EXERCISE AIM:
Return all of the data exactly, with nothing left out but the pictures.

DATA EXTRACT:

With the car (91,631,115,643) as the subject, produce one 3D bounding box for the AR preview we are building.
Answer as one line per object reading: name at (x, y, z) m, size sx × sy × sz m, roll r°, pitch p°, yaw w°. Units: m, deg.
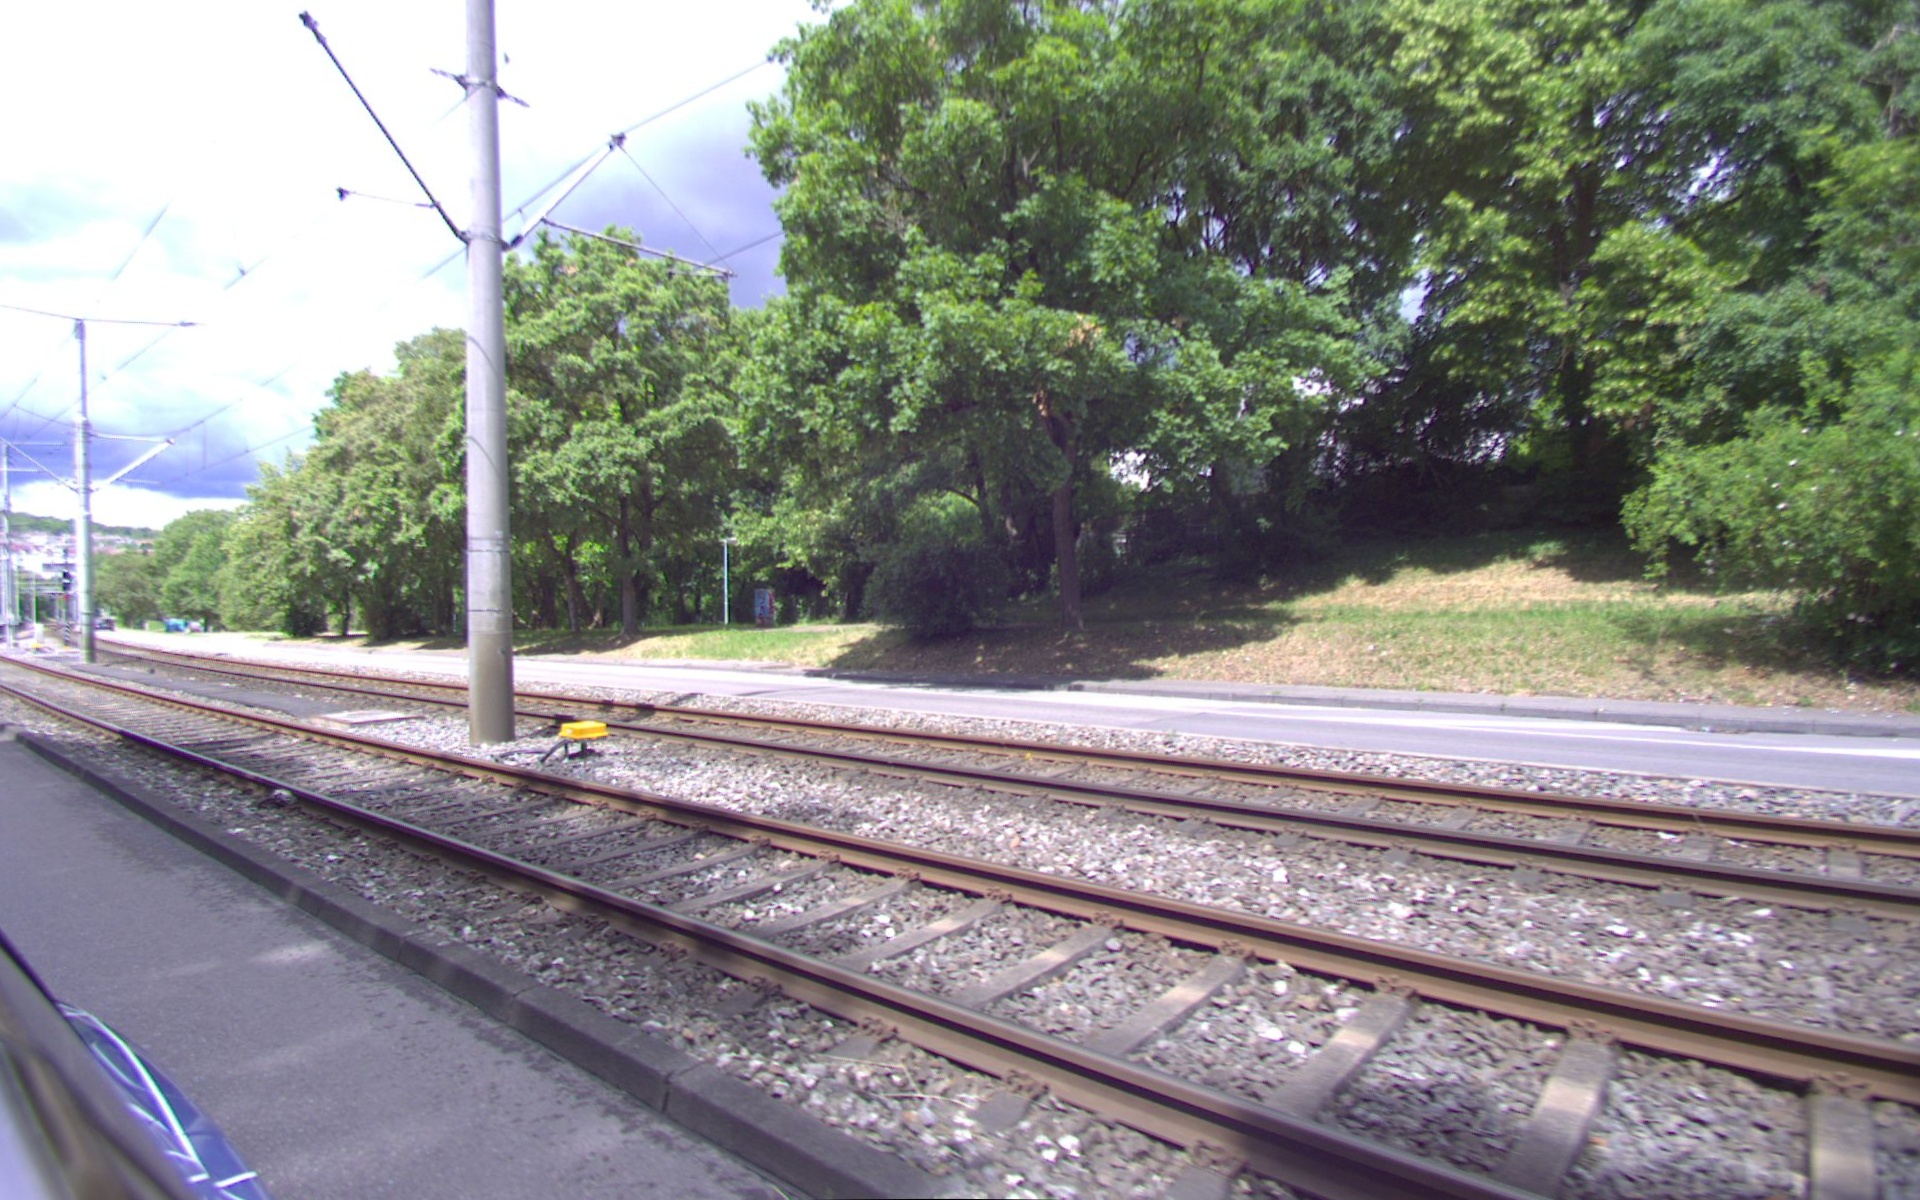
car at (-101.333, 4.329, 119.646) m, size 1.814 × 1.402 × 4.864 m, roll 2°, pitch -3°, yaw -45°

EXERCISE ANSWER:
With the car (91,631,115,643) as the subject, produce one 3D bounding box for the AR preview we are building.
Answer as one line per object reading: name at (x, y, z) m, size sx × sy × sz m, roll r°, pitch p°, yaw w°. Units: m, deg.
car at (-101.333, 4.329, 119.646) m, size 1.814 × 1.402 × 4.864 m, roll 2°, pitch -3°, yaw -45°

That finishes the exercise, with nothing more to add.